The stockings were hung by the chimney...actually they aren't. We don't have a fireplace.   When I was a kid, I used to ask my parents what they wanted for Christmas.  They always said "good kids".  As I got older, I replied "Since there is no chance of that happening-what else would you like?".."Nothing-we have everything we need."..I never fully understood that until I became a parent myself. There is really nothing that I need. The kids are happy and healthy, Omar has a good job, we have a roof over our heads...Sure, there are things that I would like to change in the world. Peace, understanding-and good will towards everyone would be great.I am doing my best to help make those things happen (i.e. raising good kids) ..Today, Oscar  asked me what it was that I wanted for Christmas..and I gave may parents answer "Good kids".."But you already have them!".."I know! So, I guess I don't want anything."

In hopes that St. Nicholas Mike Holmes soon would be there...But..*sigh* that isn't really true.  I want Mike Holmes for Christmas.( For anyone who doesn't know who he is-click on the link) No!  I don't WANT him..although he does cut a dashing figure in his overalls...I want him to come and finish fix finish my house!  Oh how I love watching his show!
He meets with a distraught homeowner whose contractor has walked out on them mid job..Sound familiar?(Although, I bet THEIR contractors never came back 18 months later(with no contact in between) asking for their tools back) And within an hour-poof!

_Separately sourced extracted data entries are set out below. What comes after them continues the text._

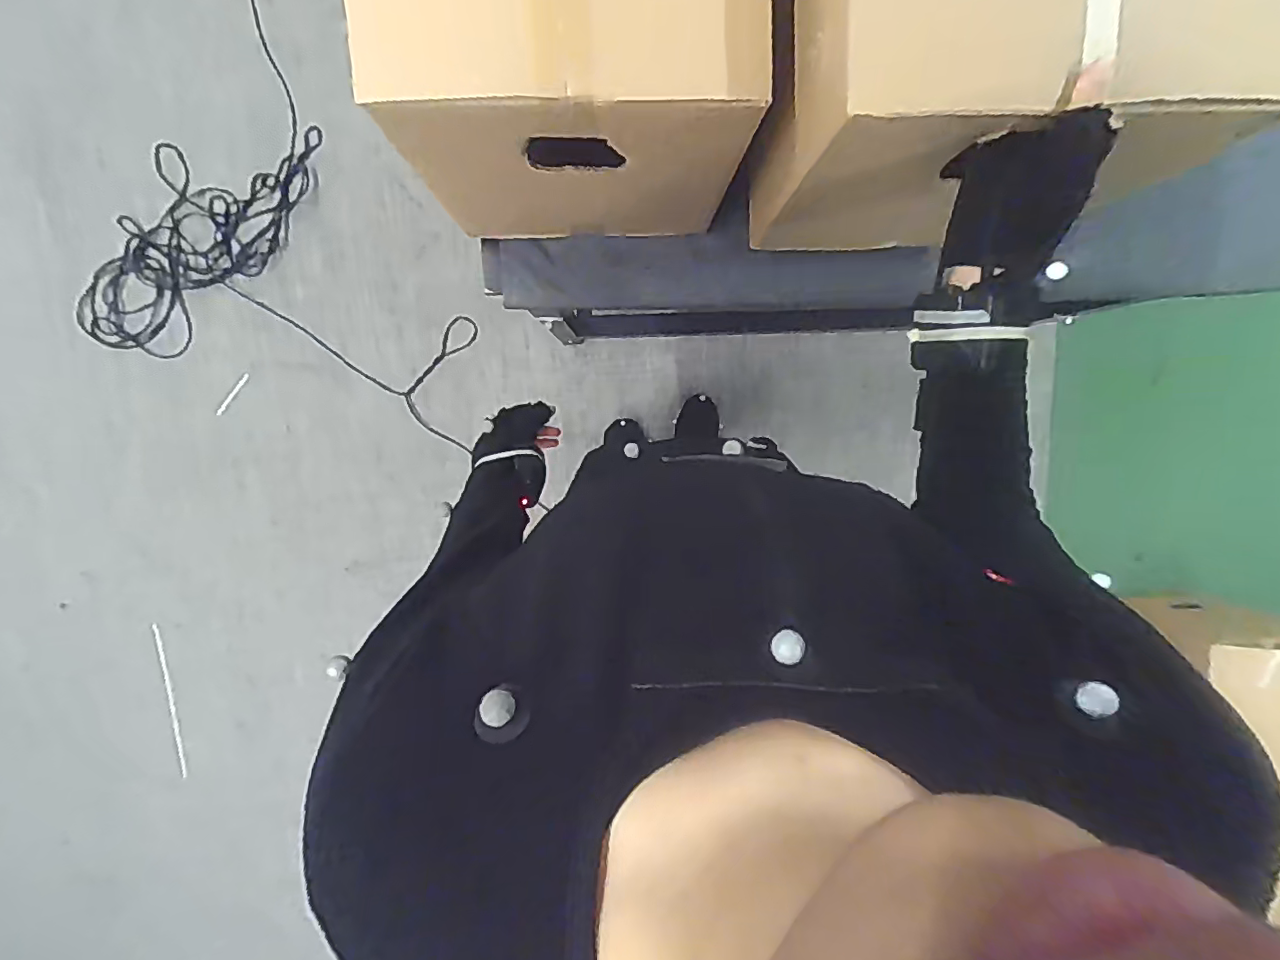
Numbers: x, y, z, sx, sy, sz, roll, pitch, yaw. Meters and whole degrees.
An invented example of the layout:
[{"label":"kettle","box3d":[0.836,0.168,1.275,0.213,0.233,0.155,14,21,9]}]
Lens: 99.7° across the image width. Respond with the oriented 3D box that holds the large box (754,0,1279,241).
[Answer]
[{"label":"large box","box3d":[0.281,-0.463,0.472,0.320,0.320,0.408,-1,99,2]}]
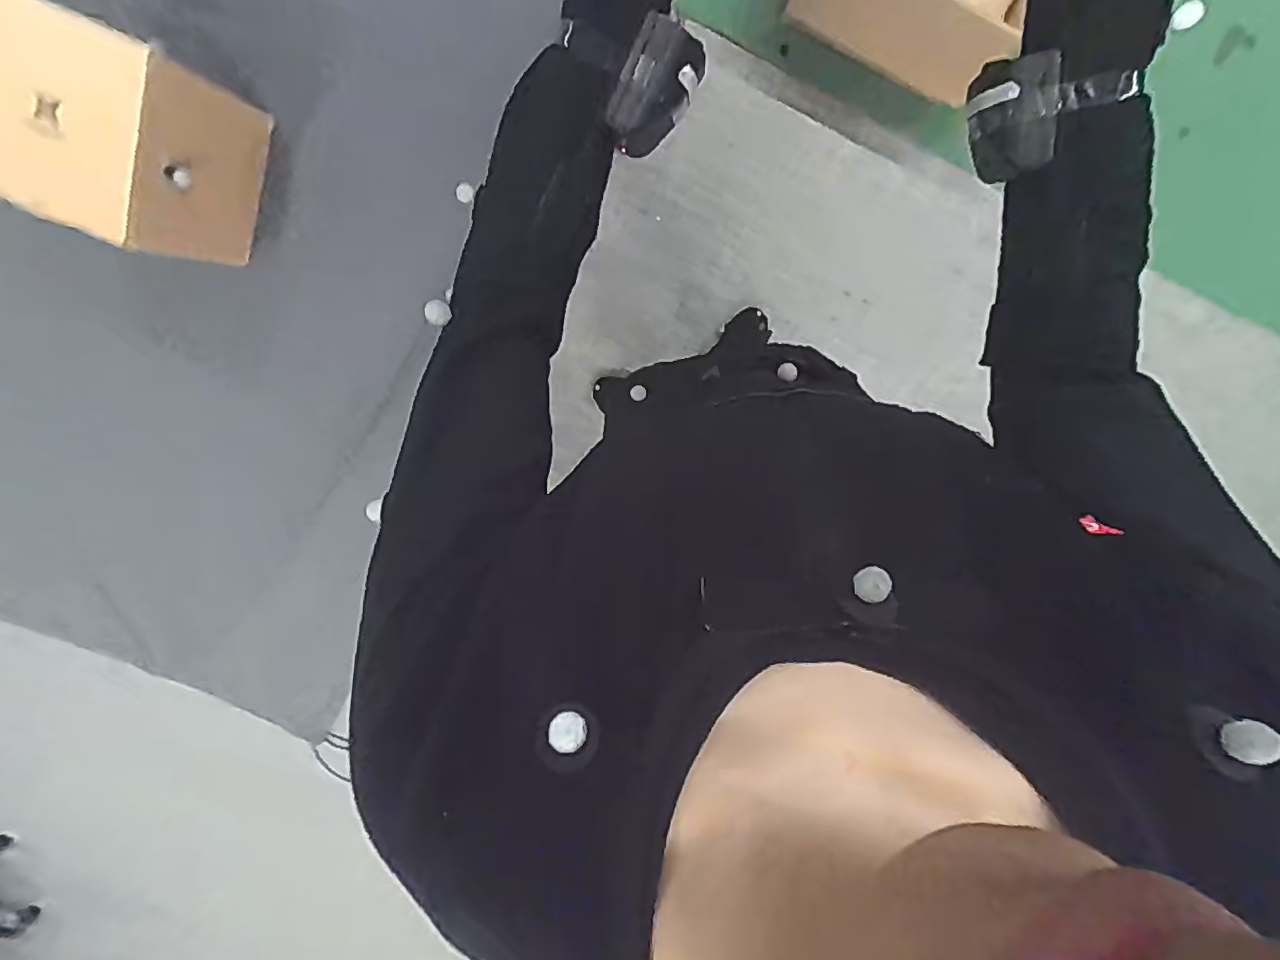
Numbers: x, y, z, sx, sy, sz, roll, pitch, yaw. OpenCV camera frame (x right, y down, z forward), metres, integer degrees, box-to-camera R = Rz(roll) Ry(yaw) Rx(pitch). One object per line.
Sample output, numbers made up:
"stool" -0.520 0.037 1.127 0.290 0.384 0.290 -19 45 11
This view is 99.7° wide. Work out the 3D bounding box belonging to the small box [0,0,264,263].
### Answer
"small box" -0.535 -0.347 0.563 0.168 0.176 0.179 21 106 -5
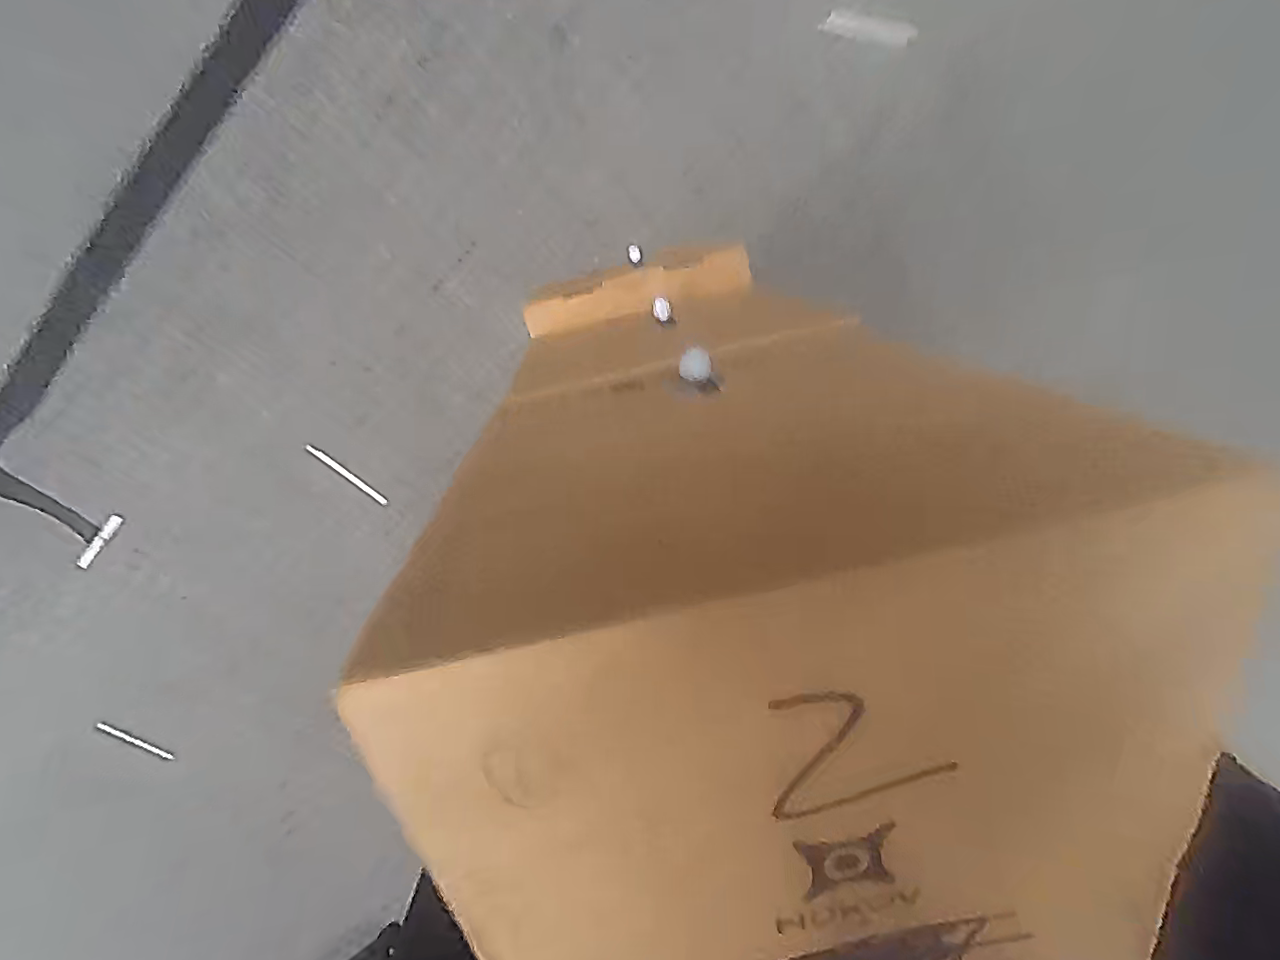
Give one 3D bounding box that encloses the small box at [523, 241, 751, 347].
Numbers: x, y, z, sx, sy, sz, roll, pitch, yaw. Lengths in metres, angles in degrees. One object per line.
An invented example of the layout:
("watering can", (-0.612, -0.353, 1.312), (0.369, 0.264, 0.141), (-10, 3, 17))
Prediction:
("small box", (0.007, -0.105, 0.489), (0.168, 0.176, 0.179), (-16, 114, 1))

The home is fixed. The owners are teary eyed and thankful. It's like he's a white knight-but with a tool belt instead of a horse. He and his trusty crew fix everything-and then some. Pointing out all the sloppy work that had been done by their previous contractor. Now, I will admit-I don't think our contractors were sloppy per say...they were just kind of.....neglectful.(forgot that we existed)  That doesn't mean Mr. Holmes wouldn't have things to point out! No indeed! He could just look at the jobs that Omar and I have started *sigh* but just never seem to be able to finish( between doing all the various kid stuff, going to work and laundry)..and he would have a field day.  I could even manage (or at least try to manage) to look ashamed of our work...although I would probably laugh. Especially as bits of insulation fell out of the walls, and especially when he stumbled upon Omar's tool of choice( steak knife)or my elderly dogs, two chickens and three cats which are scattered(mostly the steak knives) around the house and yard. It would make for good entertainment.  I would even try to cry a little at the end as we thanked him profusely. Most likely though I would just be shocked...gobsmacked even! Imagine-painted walls instead of bits of sheetrock, finished floors-electrical outlets with real covers on them! It's like porn for the housing challenged! Oh..I really really want Mike Holmes for Christmas...

Now Dasher! Now, Dancer! Now Prancer and Vixen! On, Comet! On, Cupid! On Mike Holmes and Blitzen!..alright, maybe I'm getting a little carried away here. But it's Christmas-and I will allow myself to dream a little. In the mean time-I've got presents to wrap, a robot dog to (maybe) find...and some insulation that needs to be shoved back in place. I hope that you all have the merriest of Christmas's and a wonderful new year. Oh...and if you happen to see Mike Holmes..tell him I said hi.